(SUPPLIED DATA Opens)
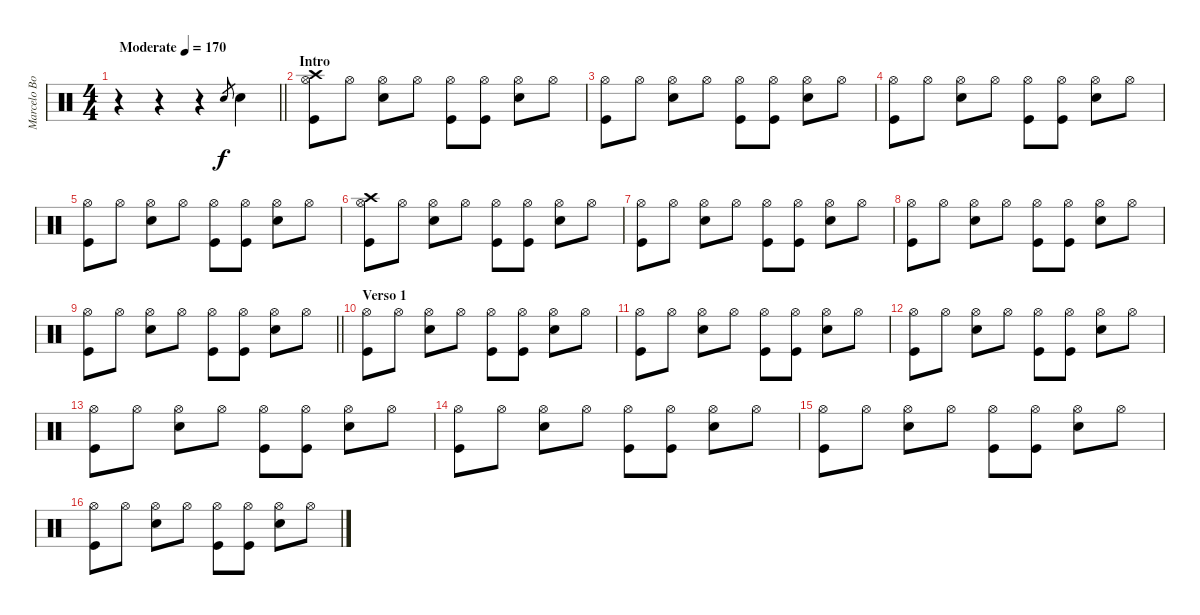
\track ("Marcelo Bonfá" "Marcelo Bo") {instrument percussion}
\staff {score}
\articulation defaults
\ts (4 4)
\tempo (170 "Moderate")
\clef neutral
\barLineRight lightlight
\ks c
r.4{dy f} r.4 r.4 "Snare (hit) 2".8{gr} "Snare (hit) 2".4 |
\section ("" "Intro")
("Crash high (hit)" "Hi-Hat (open)" "Kick (hit)").8 "Hi-Hat (open)".8 ("Hi-Hat (open)" "Snare (hit) 2").8 "Hi-Hat (open)".8 ("Hi-Hat (open)" "Kick (hit)").8 ("Hi-Hat (open)" "Kick (hit)").8 ("Hi-Hat (open)" "Snare (hit) 2").8 "Hi-Hat (open)".8 |
("Hi-Hat (open)" "Kick (hit)").8 "Hi-Hat (open)".8 ("Hi-Hat (open)" "Snare (hit) 2").8 "Hi-Hat (open)".8 ("Hi-Hat (open)" "Kick (hit)").8 ("Hi-Hat (open)" "Kick (hit)").8 ("Hi-Hat (open)" "Snare (hit) 2").8 "Hi-Hat (open)".8 |
("Hi-Hat (open)" "Kick (hit)").8 "Hi-Hat (open)".8 ("Hi-Hat (open)" "Snare (hit) 2").8 "Hi-Hat (open)".8 ("Hi-Hat (open)" "Kick (hit)").8 ("Hi-Hat (open)" "Kick (hit)").8 ("Hi-Hat (open)" "Snare (hit) 2").8 "Hi-Hat (open)".8 |
("Hi-Hat (open)" "Kick (hit)").8 "Hi-Hat (open)".8 ("Hi-Hat (open)" "Snare (hit) 2").8 "Hi-Hat (open)".8 ("Hi-Hat (open)" "Kick (hit)").8 ("Hi-Hat (open)" "Kick (hit)").8 ("Hi-Hat (open)" "Snare (hit) 2").8 "Hi-Hat (open)".8 |
("Crash high (hit)" "Hi-Hat (open)" "Kick (hit)").8 "Hi-Hat (open)".8 ("Hi-Hat (open)" "Snare (hit) 2").8 "Hi-Hat (open)".8 ("Hi-Hat (open)" "Kick (hit)").8 ("Hi-Hat (open)" "Kick (hit)").8 ("Hi-Hat (open)" "Snare (hit) 2").8 "Hi-Hat (open)".8 |
("Hi-Hat (open)" "Kick (hit)").8 "Hi-Hat (open)".8 ("Hi-Hat (open)" "Snare (hit) 2").8 "Hi-Hat (open)".8 ("Hi-Hat (open)" "Kick (hit)").8 ("Hi-Hat (open)" "Kick (hit)").8 ("Hi-Hat (open)" "Snare (hit) 2").8 "Hi-Hat (open)".8 |
("Hi-Hat (open)" "Kick (hit)").8 "Hi-Hat (open)".8 ("Hi-Hat (open)" "Snare (hit) 2").8 "Hi-Hat (open)".8 ("Hi-Hat (open)" "Kick (hit)").8 ("Hi-Hat (open)" "Kick (hit)").8 ("Hi-Hat (open)" "Snare (hit) 2").8 "Hi-Hat (open)".8 |
\barLineRight lightlight
("Hi-Hat (open)" "Kick (hit)").8 "Hi-Hat (open)".8 ("Hi-Hat (open)" "Snare (hit) 2").8 "Hi-Hat (open)".8 ("Hi-Hat (open)" "Kick (hit)").8 ("Hi-Hat (open)" "Kick (hit)").8 ("Hi-Hat (open)" "Snare (hit) 2").8 "Hi-Hat (open)".8 |
\section ("" "Verso 1")
("Hi-Hat (open)" "Kick (hit)").8 "Hi-Hat (open)".8 ("Hi-Hat (open)" "Snare (hit) 2").8 "Hi-Hat (open)".8 ("Hi-Hat (open)" "Kick (hit)").8 ("Hi-Hat (open)" "Kick (hit)").8 ("Hi-Hat (open)" "Snare (hit) 2").8 "Hi-Hat (open)".8 |
("Hi-Hat (open)" "Kick (hit)").8 "Hi-Hat (open)".8 ("Hi-Hat (open)" "Snare (hit) 2").8 "Hi-Hat (open)".8 ("Hi-Hat (open)" "Kick (hit)").8 ("Hi-Hat (open)" "Kick (hit)").8 ("Hi-Hat (open)" "Snare (hit) 2").8 "Hi-Hat (open)".8 |
("Hi-Hat (open)" "Kick (hit)").8 "Hi-Hat (open)".8 ("Hi-Hat (open)" "Snare (hit) 2").8 "Hi-Hat (open)".8 ("Hi-Hat (open)" "Kick (hit)").8 ("Hi-Hat (open)" "Kick (hit)").8 ("Hi-Hat (open)" "Snare (hit) 2").8 "Hi-Hat (open)".8 |
("Hi-Hat (open)" "Kick (hit)").8 "Hi-Hat (open)".8 ("Hi-Hat (open)" "Snare (hit) 2").8 "Hi-Hat (open)".8 ("Hi-Hat (open)" "Kick (hit)").8 ("Hi-Hat (open)" "Kick (hit)").8 ("Hi-Hat (open)" "Snare (hit) 2").8 "Hi-Hat (open)".8 |
("Hi-Hat (open)" "Kick (hit)").8 "Hi-Hat (open)".8 ("Hi-Hat (open)" "Snare (hit) 2").8 "Hi-Hat (open)".8 ("Hi-Hat (open)" "Kick (hit)").8 ("Hi-Hat (open)" "Kick (hit)").8 ("Hi-Hat (open)" "Snare (hit) 2").8 "Hi-Hat (open)".8 |
("Hi-Hat (open)" "Kick (hit)").8 "Hi-Hat (open)".8 ("Hi-Hat (open)" "Snare (hit) 2").8 "Hi-Hat (open)".8 ("Hi-Hat (open)" "Kick (hit)").8 ("Hi-Hat (open)" "Kick (hit)").8 ("Hi-Hat (open)" "Snare (hit) 2").8 "Hi-Hat (open)".8 |
("Hi-Hat (open)" "Kick (hit)").8 "Hi-Hat (open)".8 ("Hi-Hat (open)" "Snare (hit) 2").8 "Hi-Hat (open)".8 ("Hi-Hat (open)" "Kick (hit)").8 ("Hi-Hat (open)" "Kick (hit)").8 ("Hi-Hat (open)" "Snare (hit) 2").8 "Hi-Hat (open)".8
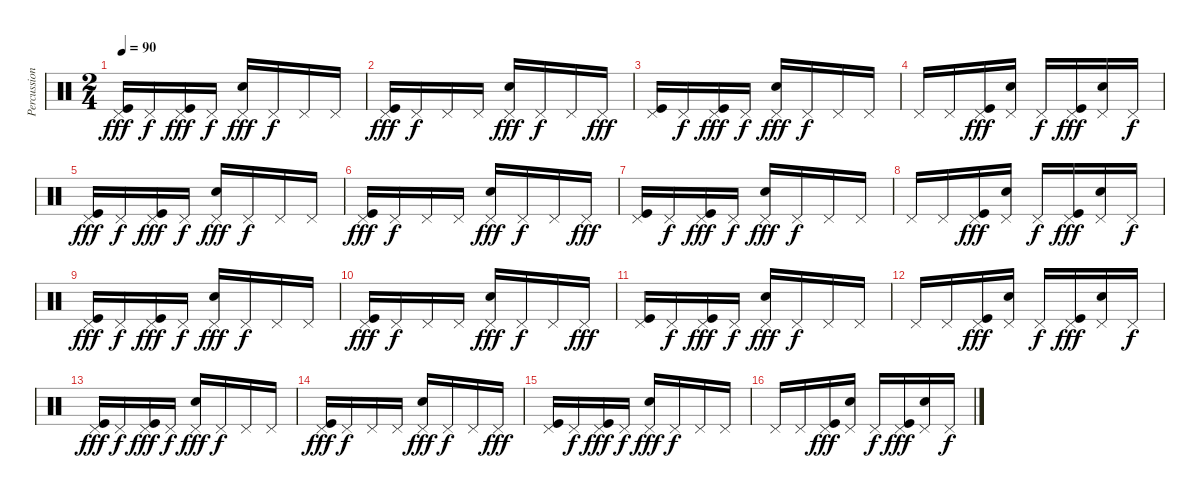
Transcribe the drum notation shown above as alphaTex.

\track ("Percussion" "Percussion") {instrument percussion}
\staff {score}
\articulation defaults
\ts (2 4)
\tempo 90
\clef neutral
\ks c
("Kick (hit)" "Pedal Hi-Hat (hit)").16{dy fff} "Pedal Hi-Hat (hit)".16{dy f} ("Kick (hit)" "Pedal Hi-Hat (hit)").16{dy fff} "Pedal Hi-Hat (hit)".16{dy f} ("Electric Snare (hit)" "Pedal Hi-Hat (hit)").16{dy fff} "Pedal Hi-Hat (hit)".16{dy f} "Pedal Hi-Hat (hit)".16 "Pedal Hi-Hat (hit)".16 |
("Kick (hit)" "Pedal Hi-Hat (hit)").16{dy fff} "Pedal Hi-Hat (hit)".16{dy f} "Pedal Hi-Hat (hit)".16 "Pedal Hi-Hat (hit)".16 ("Electric Snare (hit)" "Pedal Hi-Hat (hit)").16{dy fff} "Pedal Hi-Hat (hit)".16{dy f} "Pedal Hi-Hat (hit)".16 "Pedal Hi-Hat (hit)".16{dy fff} |
("Kick (hit)" "Pedal Hi-Hat (hit)").16 "Pedal Hi-Hat (hit)".16{dy f} ("Kick (hit)" "Pedal Hi-Hat (hit)").16{dy fff} "Pedal Hi-Hat (hit)".16{dy f} ("Electric Snare (hit)" "Pedal Hi-Hat (hit)").16{dy fff} "Pedal Hi-Hat (hit)".16{dy f} "Pedal Hi-Hat (hit)".16 "Pedal Hi-Hat (hit)".16 |
"Pedal Hi-Hat (hit)".16 "Pedal Hi-Hat (hit)".16 ("Kick (hit)" "Pedal Hi-Hat (hit)").16{dy fff} ("Electric Snare (hit)" "Pedal Hi-Hat (hit)").16 "Pedal Hi-Hat (hit)".16{dy f} ("Kick (hit)" "Pedal Hi-Hat (hit)").16{dy fff} ("Electric Snare (hit)" "Pedal Hi-Hat (hit)").16 "Pedal Hi-Hat (hit)".16{dy f} |
("Kick (hit)" "Pedal Hi-Hat (hit)").16{dy fff} "Pedal Hi-Hat (hit)".16{dy f} ("Kick (hit)" "Pedal Hi-Hat (hit)").16{dy fff} "Pedal Hi-Hat (hit)".16{dy f} ("Electric Snare (hit)" "Pedal Hi-Hat (hit)").16{dy fff} "Pedal Hi-Hat (hit)".16{dy f} "Pedal Hi-Hat (hit)".16 "Pedal Hi-Hat (hit)".16 |
("Kick (hit)" "Pedal Hi-Hat (hit)").16{dy fff} "Pedal Hi-Hat (hit)".16{dy f} "Pedal Hi-Hat (hit)".16 "Pedal Hi-Hat (hit)".16 ("Electric Snare (hit)" "Pedal Hi-Hat (hit)").16{dy fff} "Pedal Hi-Hat (hit)".16{dy f} "Pedal Hi-Hat (hit)".16 "Pedal Hi-Hat (hit)".16{dy fff} |
("Kick (hit)" "Pedal Hi-Hat (hit)").16 "Pedal Hi-Hat (hit)".16{dy f} ("Kick (hit)" "Pedal Hi-Hat (hit)").16{dy fff} "Pedal Hi-Hat (hit)".16{dy f} ("Electric Snare (hit)" "Pedal Hi-Hat (hit)").16{dy fff} "Pedal Hi-Hat (hit)".16{dy f} "Pedal Hi-Hat (hit)".16 "Pedal Hi-Hat (hit)".16 |
"Pedal Hi-Hat (hit)".16 "Pedal Hi-Hat (hit)".16 ("Kick (hit)" "Pedal Hi-Hat (hit)").16{dy fff} ("Electric Snare (hit)" "Pedal Hi-Hat (hit)").16 "Pedal Hi-Hat (hit)".16{dy f} ("Kick (hit)" "Pedal Hi-Hat (hit)").16{dy fff} ("Electric Snare (hit)" "Pedal Hi-Hat (hit)").16 "Pedal Hi-Hat (hit)".16{dy f} |
("Kick (hit)" "Pedal Hi-Hat (hit)").16{dy fff} "Pedal Hi-Hat (hit)".16{dy f} ("Kick (hit)" "Pedal Hi-Hat (hit)").16{dy fff} "Pedal Hi-Hat (hit)".16{dy f} ("Electric Snare (hit)" "Pedal Hi-Hat (hit)").16{dy fff} "Pedal Hi-Hat (hit)".16{dy f} "Pedal Hi-Hat (hit)".16 "Pedal Hi-Hat (hit)".16 |
("Kick (hit)" "Pedal Hi-Hat (hit)").16{dy fff} "Pedal Hi-Hat (hit)".16{dy f} "Pedal Hi-Hat (hit)".16 "Pedal Hi-Hat (hit)".16 ("Electric Snare (hit)" "Pedal Hi-Hat (hit)").16{dy fff} "Pedal Hi-Hat (hit)".16{dy f} "Pedal Hi-Hat (hit)".16 "Pedal Hi-Hat (hit)".16{dy fff} |
("Kick (hit)" "Pedal Hi-Hat (hit)").16 "Pedal Hi-Hat (hit)".16{dy f} ("Kick (hit)" "Pedal Hi-Hat (hit)").16{dy fff} "Pedal Hi-Hat (hit)".16{dy f} ("Electric Snare (hit)" "Pedal Hi-Hat (hit)").16{dy fff} "Pedal Hi-Hat (hit)".16{dy f} "Pedal Hi-Hat (hit)".16 "Pedal Hi-Hat (hit)".16 |
"Pedal Hi-Hat (hit)".16 "Pedal Hi-Hat (hit)".16 ("Kick (hit)" "Pedal Hi-Hat (hit)").16{dy fff} ("Electric Snare (hit)" "Pedal Hi-Hat (hit)").16 "Pedal Hi-Hat (hit)".16{dy f} ("Kick (hit)" "Pedal Hi-Hat (hit)").16{dy fff} ("Electric Snare (hit)" "Pedal Hi-Hat (hit)").16 "Pedal Hi-Hat (hit)".16{dy f} |
("Kick (hit)" "Pedal Hi-Hat (hit)").16{dy fff} "Pedal Hi-Hat (hit)".16{dy f} ("Kick (hit)" "Pedal Hi-Hat (hit)").16{dy fff} "Pedal Hi-Hat (hit)".16{dy f} ("Electric Snare (hit)" "Pedal Hi-Hat (hit)").16{dy fff} "Pedal Hi-Hat (hit)".16{dy f} "Pedal Hi-Hat (hit)".16 "Pedal Hi-Hat (hit)".16 |
("Kick (hit)" "Pedal Hi-Hat (hit)").16{dy fff} "Pedal Hi-Hat (hit)".16{dy f} "Pedal Hi-Hat (hit)".16 "Pedal Hi-Hat (hit)".16 ("Electric Snare (hit)" "Pedal Hi-Hat (hit)").16{dy fff} "Pedal Hi-Hat (hit)".16{dy f} "Pedal Hi-Hat (hit)".16 "Pedal Hi-Hat (hit)".16{dy fff} |
("Kick (hit)" "Pedal Hi-Hat (hit)").16 "Pedal Hi-Hat (hit)".16{dy f} ("Kick (hit)" "Pedal Hi-Hat (hit)").16{dy fff} "Pedal Hi-Hat (hit)".16{dy f} ("Electric Snare (hit)" "Pedal Hi-Hat (hit)").16{dy fff} "Pedal Hi-Hat (hit)".16{dy f} "Pedal Hi-Hat (hit)".16 "Pedal Hi-Hat (hit)".16 |
"Pedal Hi-Hat (hit)".16 "Pedal Hi-Hat (hit)".16 ("Kick (hit)" "Pedal Hi-Hat (hit)").16{dy fff} ("Electric Snare (hit)" "Pedal Hi-Hat (hit)").16 "Pedal Hi-Hat (hit)".16{dy f} ("Kick (hit)" "Pedal Hi-Hat (hit)").16{dy fff} ("Electric Snare (hit)" "Pedal Hi-Hat (hit)").16 "Pedal Hi-Hat (hit)".16{dy f}
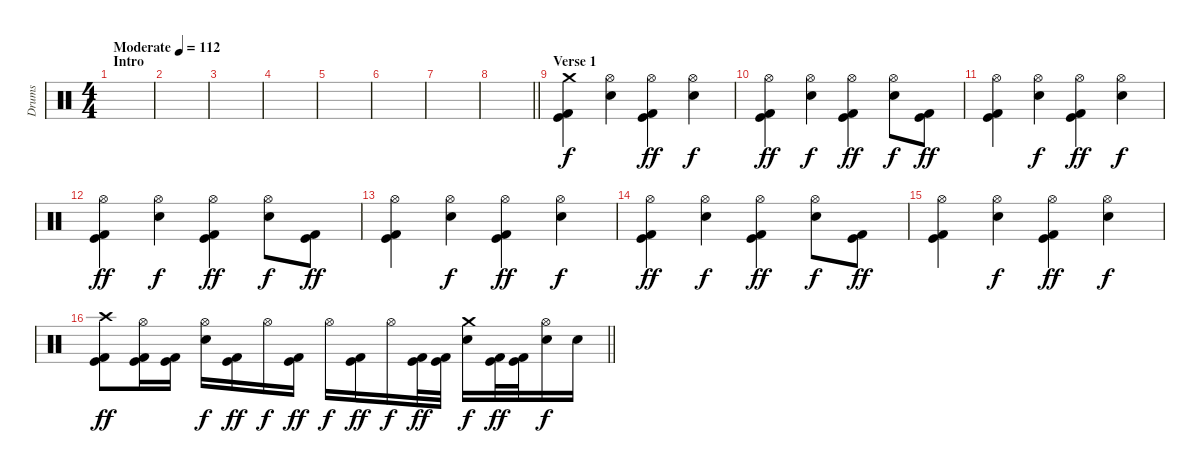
\track ("Drums" "Drums") {instrument percussion}
\staff {score}
\articulation defaults
\ts (4 4)
\section ("" "Intro")
\tempo (112 "Moderate")
\clef neutral
\ks c
|
|
|
|
|
|
|
\barLineRight lightlight
|
\section ("" "Verse 1")
("Crash medium (hit)" "Kick (hit)" "Kick (hit) 2").4 ("Hi-Hat (open)" "Snare (hit) 2").4{dy f} ("Hi-Hat (open)" "Kick (hit)" "Kick (hit) 2").4{dy ff} ("Hi-Hat (open)" "Snare (hit) 2").4{dy f} |
("Hi-Hat (open)" "Kick (hit)" "Kick (hit) 2").4{dy ff} ("Hi-Hat (open)" "Snare (hit) 2").4{dy f} ("Hi-Hat (open)" "Kick (hit)" "Kick (hit) 2").4{dy ff} ("Hi-Hat (open)" "Snare (hit) 2").8{dy f} ("Kick (hit)" "Kick (hit) 2").8{dy ff} |
("Hi-Hat (open)" "Kick (hit)" "Kick (hit) 2").4 ("Hi-Hat (open)" "Snare (hit) 2").4{dy f} ("Hi-Hat (open)" "Kick (hit)" "Kick (hit) 2").4{dy ff} ("Hi-Hat (open)" "Snare (hit) 2").4{dy f} |
("Hi-Hat (open)" "Kick (hit)" "Kick (hit) 2").4{dy ff} ("Hi-Hat (open)" "Snare (hit) 2").4{dy f} ("Hi-Hat (open)" "Kick (hit)" "Kick (hit) 2").4{dy ff} ("Hi-Hat (open)" "Snare (hit) 2").8{dy f} ("Kick (hit)" "Kick (hit) 2").8{dy ff} |
("Hi-Hat (open)" "Kick (hit)" "Kick (hit) 2").4 ("Hi-Hat (open)" "Snare (hit) 2").4{dy f} ("Hi-Hat (open)" "Kick (hit)" "Kick (hit) 2").4{dy ff} ("Hi-Hat (open)" "Snare (hit) 2").4{dy f} |
("Hi-Hat (open)" "Kick (hit)" "Kick (hit) 2").4{dy ff} ("Hi-Hat (open)" "Snare (hit) 2").4{dy f} ("Hi-Hat (open)" "Kick (hit)" "Kick (hit) 2").4{dy ff} ("Hi-Hat (open)" "Snare (hit) 2").8{dy f} ("Kick (hit)" "Kick (hit) 2").8{dy ff} |
("Hi-Hat (open)" "Kick (hit)" "Kick (hit) 2").4 ("Hi-Hat (open)" "Snare (hit) 2").4{dy f} ("Hi-Hat (open)" "Kick (hit)" "Kick (hit) 2").4{dy ff} ("Hi-Hat (open)" "Snare (hit) 2").4{dy f} |
\barLineRight lightlight
("Crash high (hit)" "Kick (hit)" "Kick (hit) 2").8{dy ff} ("Hi-Hat (open)" "Kick (hit)" "Kick (hit) 2").16 ("Kick (hit)" "Kick (hit) 2").16 ("Hi-Hat (open)" "Snare (hit) 2").16{dy f} ("Kick (hit)" "Kick (hit) 2").16{dy ff} "Hi-Hat (open)".16{dy f} ("Kick (hit)" "Kick (hit) 2").16{dy ff} "Hi-Hat (open)".16{dy f} ("Kick (hit)" "Kick (hit) 2").16{dy ff} "Hi-Hat (open)".16{dy f} ("Kick (hit)" "Kick (hit) 2").32{dy ff} ("Kick (hit)" "Kick (hit) 2").32 ("Crash medium (hit)" "Snare (hit) 2").16{dy f} ("Kick (hit)" "Kick (hit) 2").32{dy ff} ("Kick (hit)" "Kick (hit) 2").32 ("Hi-Hat (open)" "Snare (hit) 2").16{dy f} "Snare (hit) 2".16
(SUPPLIED DATA Closes)
- PROBLEM TO SOLVE: Each line above that contains the string "track" should be identified and copied.

- EXERCISE RESULT:
\track ("Marcelo Bonfá" "Marcelo Bo") {instrument percussion}
\track ("Percussion" "Percussion") {instrument percussion}
\track ("Drums" "Drums") {instrument percussion}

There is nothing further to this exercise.